ANN ARBOR, Mich. — Long after recovery, many Americans are still rife with a different kind of pain: financial stress. Researchers from the University of Michigan are showing just how devastating a hospital stay can be for the average American nowadays. Their study reveals that incidents of both medical debt entering the collections process and bankruptcy are much higher among working-age Americans following hospitalization for traumatic injury.
Study authors report the percentage of Americans with medical debts so overdue that a collection agency gets involved, as well as the size of those debts, tends to be much higher among those who suffered an injury serious enough to require a hospital stay over the prior two years. Those who had recently been hospitalized were also about twice as likely to declare bankruptcy.
The research team compared two groups of Americans between the ages of 18 and 65. Both had the same kind of commercial health insurance but suffered major injuries in different years.
Participants whose major injuries took place in 18 months before study authors took a “snapshot” of their finances were 23 percent more likely to have medical bills in debt collections. Similarly, this group also had 70 percent larger amounts of medical debt in collections. Few individuals across both groups filed for bankruptcy, but such an action was twice as common among those hospitalized for a traumatic injury over the past year-and-a-half.
Patients end up owing thousands in out-of-pocket expenses
According to first study author John Scott, M.D., M.P.H., this work highlights the urgent need to restructure health insurance plans and reduce or cap cost-sharing for highly necessary trauma care. Dr.
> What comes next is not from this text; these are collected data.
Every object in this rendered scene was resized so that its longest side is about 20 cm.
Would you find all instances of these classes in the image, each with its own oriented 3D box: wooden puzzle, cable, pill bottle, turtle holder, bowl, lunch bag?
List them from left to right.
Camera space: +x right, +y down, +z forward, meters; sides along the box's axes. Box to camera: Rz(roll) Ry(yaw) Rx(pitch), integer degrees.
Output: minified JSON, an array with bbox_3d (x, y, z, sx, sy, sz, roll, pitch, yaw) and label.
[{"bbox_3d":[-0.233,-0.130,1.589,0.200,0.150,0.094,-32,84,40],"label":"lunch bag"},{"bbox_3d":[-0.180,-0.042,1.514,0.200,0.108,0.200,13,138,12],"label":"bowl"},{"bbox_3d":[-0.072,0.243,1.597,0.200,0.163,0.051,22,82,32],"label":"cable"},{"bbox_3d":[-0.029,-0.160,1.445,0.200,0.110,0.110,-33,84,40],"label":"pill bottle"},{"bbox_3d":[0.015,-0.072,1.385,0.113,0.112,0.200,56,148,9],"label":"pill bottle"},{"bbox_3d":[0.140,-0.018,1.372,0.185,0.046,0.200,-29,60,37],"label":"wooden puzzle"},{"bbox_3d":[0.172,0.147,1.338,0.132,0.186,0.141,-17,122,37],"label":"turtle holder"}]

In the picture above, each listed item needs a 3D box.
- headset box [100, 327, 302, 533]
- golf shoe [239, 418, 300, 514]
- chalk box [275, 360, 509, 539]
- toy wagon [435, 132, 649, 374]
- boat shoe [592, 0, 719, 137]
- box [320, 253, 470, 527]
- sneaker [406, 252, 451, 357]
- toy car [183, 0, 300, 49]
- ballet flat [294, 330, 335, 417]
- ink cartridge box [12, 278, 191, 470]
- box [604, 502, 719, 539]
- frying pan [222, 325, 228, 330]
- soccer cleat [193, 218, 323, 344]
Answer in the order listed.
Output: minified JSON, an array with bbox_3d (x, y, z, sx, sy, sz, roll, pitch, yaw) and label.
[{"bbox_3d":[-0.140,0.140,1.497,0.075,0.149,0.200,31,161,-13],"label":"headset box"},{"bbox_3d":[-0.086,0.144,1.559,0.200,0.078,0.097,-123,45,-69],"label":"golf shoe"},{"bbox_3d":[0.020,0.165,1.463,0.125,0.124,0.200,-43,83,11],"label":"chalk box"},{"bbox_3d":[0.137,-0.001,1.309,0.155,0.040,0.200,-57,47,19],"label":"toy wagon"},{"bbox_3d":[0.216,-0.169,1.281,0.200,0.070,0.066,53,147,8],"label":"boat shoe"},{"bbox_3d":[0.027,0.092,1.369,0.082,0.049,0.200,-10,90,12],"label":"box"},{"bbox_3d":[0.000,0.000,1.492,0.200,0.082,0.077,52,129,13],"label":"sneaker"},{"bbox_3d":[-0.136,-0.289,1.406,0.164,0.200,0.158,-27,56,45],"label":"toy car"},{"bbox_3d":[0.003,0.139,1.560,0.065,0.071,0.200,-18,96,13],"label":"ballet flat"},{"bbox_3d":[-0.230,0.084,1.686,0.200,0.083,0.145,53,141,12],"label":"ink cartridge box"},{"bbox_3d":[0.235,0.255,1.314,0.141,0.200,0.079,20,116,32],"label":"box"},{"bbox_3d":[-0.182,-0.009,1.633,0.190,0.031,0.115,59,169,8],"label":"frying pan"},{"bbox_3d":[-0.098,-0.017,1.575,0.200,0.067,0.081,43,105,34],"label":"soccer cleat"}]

Scott is an assistant professor of surgery, and cares for critically injured patients at Michigan Medicine, U-M’s academic medical center.
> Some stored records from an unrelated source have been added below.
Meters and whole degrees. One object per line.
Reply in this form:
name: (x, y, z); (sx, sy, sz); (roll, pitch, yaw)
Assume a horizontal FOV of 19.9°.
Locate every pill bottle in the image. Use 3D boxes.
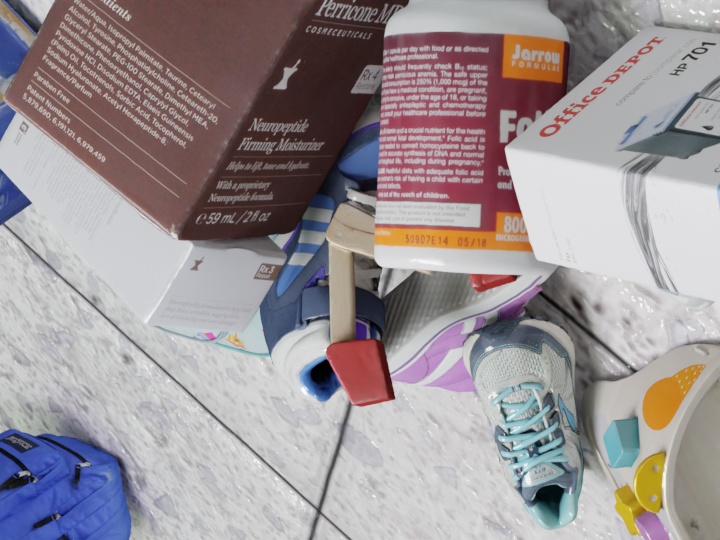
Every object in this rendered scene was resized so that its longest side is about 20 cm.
pill bottle: (0.069, -0.100, 1.246); (0.114, 0.114, 0.201); (5, 93, 50)

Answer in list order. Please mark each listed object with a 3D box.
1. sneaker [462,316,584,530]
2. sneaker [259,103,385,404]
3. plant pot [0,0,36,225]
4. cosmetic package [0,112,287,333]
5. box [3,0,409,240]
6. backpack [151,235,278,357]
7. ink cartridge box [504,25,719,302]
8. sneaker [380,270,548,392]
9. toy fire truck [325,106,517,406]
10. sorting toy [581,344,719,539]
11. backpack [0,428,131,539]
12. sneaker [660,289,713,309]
sneaker: (0.127, 0.111, 1.461); (0.200, 0.077, 0.087); (64, -166, -48)
sneaker: (0.000, 0.000, 1.446); (0.200, 0.080, 0.147); (-55, 38, 27)
plant pot: (-0.371, -0.143, 1.775); (0.200, 0.200, 0.180); (46, 143, 8)
cosmetic package: (-0.154, -0.043, 1.416); (0.200, 0.101, 0.074); (45, 113, 34)
box: (-0.092, -0.147, 1.349); (0.164, 0.166, 0.201); (38, 109, 20)
backpack: (-0.108, -0.026, 1.599); (0.175, 0.153, 0.201); (12, 139, 39)
ink cartridge box: (0.205, -0.059, 1.152); (0.199, 0.146, 0.086); (15, 136, 44)
sneaker: (0.098, 0.024, 1.474); (0.114, 0.073, 0.200); (21, 140, -33)
toy fire truck: (0.030, -0.021, 1.376); (0.049, 0.140, 0.201); (34, -140, -81)
sorting toy: (0.218, 0.150, 1.434); (0.201, 0.107, 0.180); (61, 167, -17)
backpack: (-0.341, 0.254, 2.150); (0.162, 0.200, 0.169); (25, 131, 40)
sneaker: (0.154, -0.038, 1.321); (0.200, 0.075, 0.087); (41, 165, 27)
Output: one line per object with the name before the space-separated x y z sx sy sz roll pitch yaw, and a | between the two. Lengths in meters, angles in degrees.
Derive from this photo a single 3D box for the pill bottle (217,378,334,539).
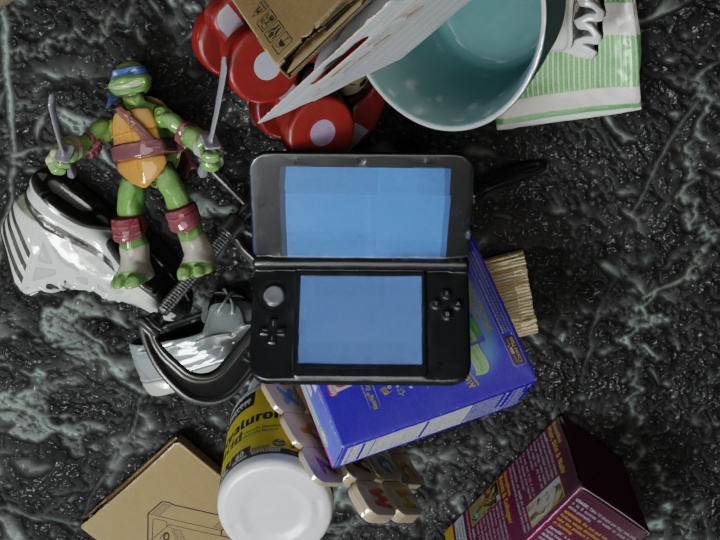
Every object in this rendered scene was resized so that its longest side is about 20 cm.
pill bottle | -0.080 0.179 1.223 0.110 0.201 0.113 0 116 -1

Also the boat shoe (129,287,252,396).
boat shoe | -0.141 0.060 1.238 0.199 0.070 0.072 -23 111 8

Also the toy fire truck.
toy fire truck | -0.041 -0.200 1.095 0.168 0.112 0.200 -44 123 -2

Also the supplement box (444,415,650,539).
supplement box | 0.193 0.280 1.313 0.103 0.131 0.200 34 111 -17

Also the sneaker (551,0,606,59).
sneaker | 0.177 -0.283 1.059 0.080 0.075 0.203 6 114 9

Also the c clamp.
c clamp | -0.144 0.019 1.186 0.170 0.027 0.201 37 71 -13

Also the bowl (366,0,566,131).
bowl | 0.093 -0.228 1.038 0.199 0.105 0.204 15 116 33

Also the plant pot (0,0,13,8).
plant pot | -0.310 -0.301 1.021 0.197 0.188 0.189 -18 115 -8

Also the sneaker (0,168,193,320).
sneaker | -0.267 -0.001 1.219 0.200 0.076 0.115 40 121 -14

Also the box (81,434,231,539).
box | -0.183 0.293 1.367 0.163 0.021 0.200 -41 110 18

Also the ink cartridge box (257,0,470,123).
ink cartridge box | 0.016 -0.191 0.911 0.162 0.199 0.050 -35 87 42

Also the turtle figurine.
turtle figurine | -0.195 -0.081 1.082 0.142 0.199 0.197 -17 105 -24

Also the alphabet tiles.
alphabet tiles | -0.013 0.160 1.209 0.015 0.201 0.195 -43 150 19

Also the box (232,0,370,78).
box | -0.037 -0.261 0.974 0.163 0.201 0.021 -43 133 10

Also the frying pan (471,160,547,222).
frying pan | 0.077 -0.077 1.185 0.115 0.189 0.031 39 149 25

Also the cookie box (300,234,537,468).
cookie box | 0.038 0.069 1.156 0.198 0.173 0.075 -16 157 -16

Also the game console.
game console | 0.000 0.000 1.070 0.197 0.173 0.119 0 155 1

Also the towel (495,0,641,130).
towel | 0.183 -0.234 1.127 0.150 0.023 0.202 -8 115 4

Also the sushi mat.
sushi mat | 0.080 0.045 1.265 0.197 0.012 0.097 -14 116 6

“Much of our medical research to date has focused on improving outcomes while patients are in the hospital, but our understanding of the way patients’ lives are affected as they recover has always been limited,” Scott says in a university release. “Our findings show that the negative impact of traumatic injuries on patients’ lives does not end when they leave the hospital. Instead, they have bills that they cannot pay, and there is emerging evidence this debt may further impact their ability to achieve an optimal recovery.”
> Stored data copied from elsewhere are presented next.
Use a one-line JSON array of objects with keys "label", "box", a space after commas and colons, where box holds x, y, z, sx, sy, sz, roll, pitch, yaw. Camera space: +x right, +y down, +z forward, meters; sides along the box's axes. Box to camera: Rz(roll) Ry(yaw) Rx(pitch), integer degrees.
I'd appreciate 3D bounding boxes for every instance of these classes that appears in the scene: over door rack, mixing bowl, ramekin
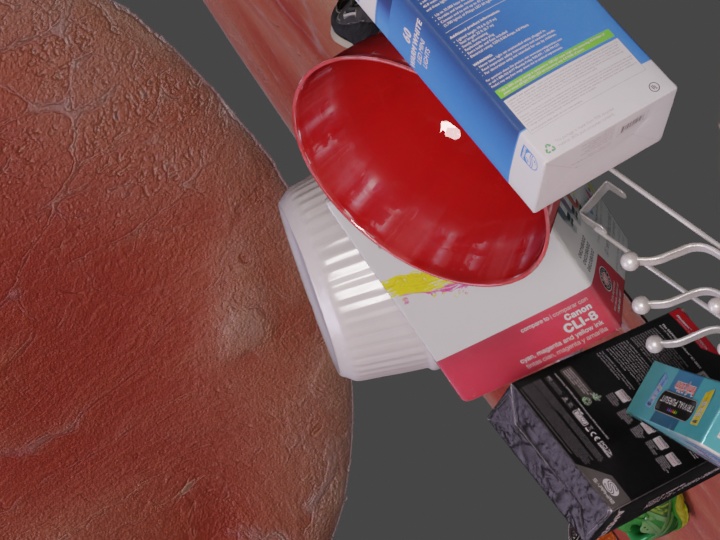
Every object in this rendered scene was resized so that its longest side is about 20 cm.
[{"label": "over door rack", "box": [0.201, -0.010, 1.478, 0.200, 0.067, 0.148, 51, 174, 29]}, {"label": "mixing bowl", "box": [0.065, -0.098, 1.426, 0.200, 0.108, 0.200, 27, 148, 19]}, {"label": "ramekin", "box": [0.000, 0.000, 1.783, 0.202, 0.094, 0.203, 161, 90, -86]}]

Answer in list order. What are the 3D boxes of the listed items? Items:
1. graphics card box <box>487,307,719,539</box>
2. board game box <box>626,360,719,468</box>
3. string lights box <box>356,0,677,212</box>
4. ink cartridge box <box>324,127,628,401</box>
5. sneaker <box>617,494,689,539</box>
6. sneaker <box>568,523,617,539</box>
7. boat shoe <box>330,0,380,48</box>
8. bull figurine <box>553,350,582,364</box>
[{"label": "graphics card box", "box": [0.207, 0.114, 1.596, 0.126, 0.200, 0.051, 52, 137, 20]}, {"label": "board game box", "box": [0.281, 0.127, 1.468, 0.151, 0.047, 0.200, 30, 178, -7]}, {"label": "string lights box", "box": [0.090, -0.143, 1.301, 0.200, 0.103, 0.059, 52, 159, 23]}, {"label": "ink cartridge box", "box": [0.092, -0.037, 1.615, 0.200, 0.145, 0.145, 54, -155, -20]}, {"label": "sneaker", "box": [0.303, 0.245, 2.298, 0.074, 0.084, 0.200, 51, 174, 39]}, {"label": "sneaker", "box": [0.378, 0.453, 3.270, 0.200, 0.076, 0.092, 56, 180, -13]}, {"label": "boat shoe", "box": [0.016, -0.226, 1.897, 0.200, 0.072, 0.068, -119, 30, -70]}, {"label": "bull figurine", "box": [0.146, 0.031, 1.786, 0.200, 0.121, 0.065, -43, -38, -63]}]
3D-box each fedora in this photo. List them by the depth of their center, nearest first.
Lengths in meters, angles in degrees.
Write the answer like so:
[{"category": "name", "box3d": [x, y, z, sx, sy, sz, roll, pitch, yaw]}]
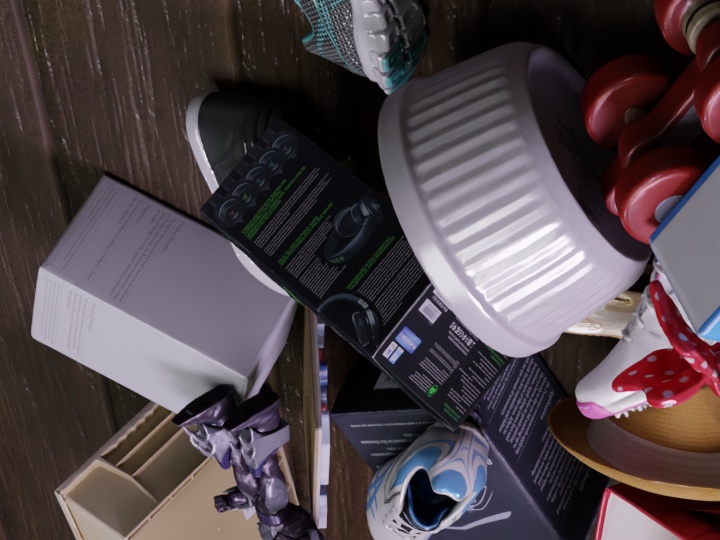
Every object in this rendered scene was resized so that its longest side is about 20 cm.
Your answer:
[{"category": "fedora", "box3d": [0.233, 0.100, 1.411, 0.199, 0.200, 0.083, 15, 107, 20]}]

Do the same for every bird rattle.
[{"category": "bird rattle", "box3d": [0.269, 0.069, 1.212, 0.162, 0.114, 0.199, 25, 180, 44]}]

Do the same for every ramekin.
[{"category": "ramekin", "box3d": [0.110, -0.054, 1.259, 0.104, 0.201, 0.200, -27, 119, 25]}]

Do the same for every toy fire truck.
[{"category": "toy fire truck", "box3d": [0.244, -0.092, 1.185, 0.167, 0.113, 0.201, 17, 128, -28]}]

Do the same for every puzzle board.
[{"category": "puzzle board", "box3d": [-0.037, 0.129, 1.640, 0.017, 0.152, 0.201, -2, 142, -4]}]

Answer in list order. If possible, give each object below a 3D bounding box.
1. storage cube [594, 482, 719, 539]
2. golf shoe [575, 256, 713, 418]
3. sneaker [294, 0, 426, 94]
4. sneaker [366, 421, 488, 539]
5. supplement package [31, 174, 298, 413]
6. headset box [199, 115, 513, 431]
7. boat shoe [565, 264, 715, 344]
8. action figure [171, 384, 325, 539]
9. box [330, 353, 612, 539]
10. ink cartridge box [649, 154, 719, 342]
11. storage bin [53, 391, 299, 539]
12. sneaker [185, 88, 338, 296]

In collaboration with Nora Becker, M.D., Ph.D., an assistant professor of internal medicine, and others from the Michigan Health Economics and Affordability Lab (M-HEAL), Dr. Scott linked the insurance records from nearly 5,400 people to their credit reports from January 2021. Importantly, the records were anonymous to protect the identities of those involved.
Researchers were sure to choose participants hospitalized in 2019 and early 2020 (the “post-injury” credit data group). They also recruited others who were similar in many ways except that their hospitalization occurred later on in 2021 (the “pre-injury” credit data group). Patients across both groups spent an average of five days in the hospital, including at least one night in the intensive care unit for just over a third of both groups.
Depending on each patient’s health insurance plan, these individuals may have had to deal with out-of-pocket co-pays and deductibles worth hundreds or thousands of dollars for inpatient care and follow-up appointments, study authors note.
Why do insurance plans do this?
Insurers and employers typically use deductibles and co-pays to drive down unnecessary use of health care, but these aren’t “optional” visits to the hospital. Study authors stress that post-injury care is largely not discretionary – it’s necessary for survival and positive long-term health outcomes.
“No one is overconsuming trauma care just because their deductible is low,” Dr. Scott concludes. “Eliminating or capping deductibles for traumatic injuries – just like the recent policies capping the cost of insulin for Medicare patients — could go a long way to ensure that all patients can achieve an optimal recovery after injury. If we fail to acknowledge the reality of the economic challenges our patients really face, then we risk curing patients into destitution.”
The study is published in JAMA Health Forum.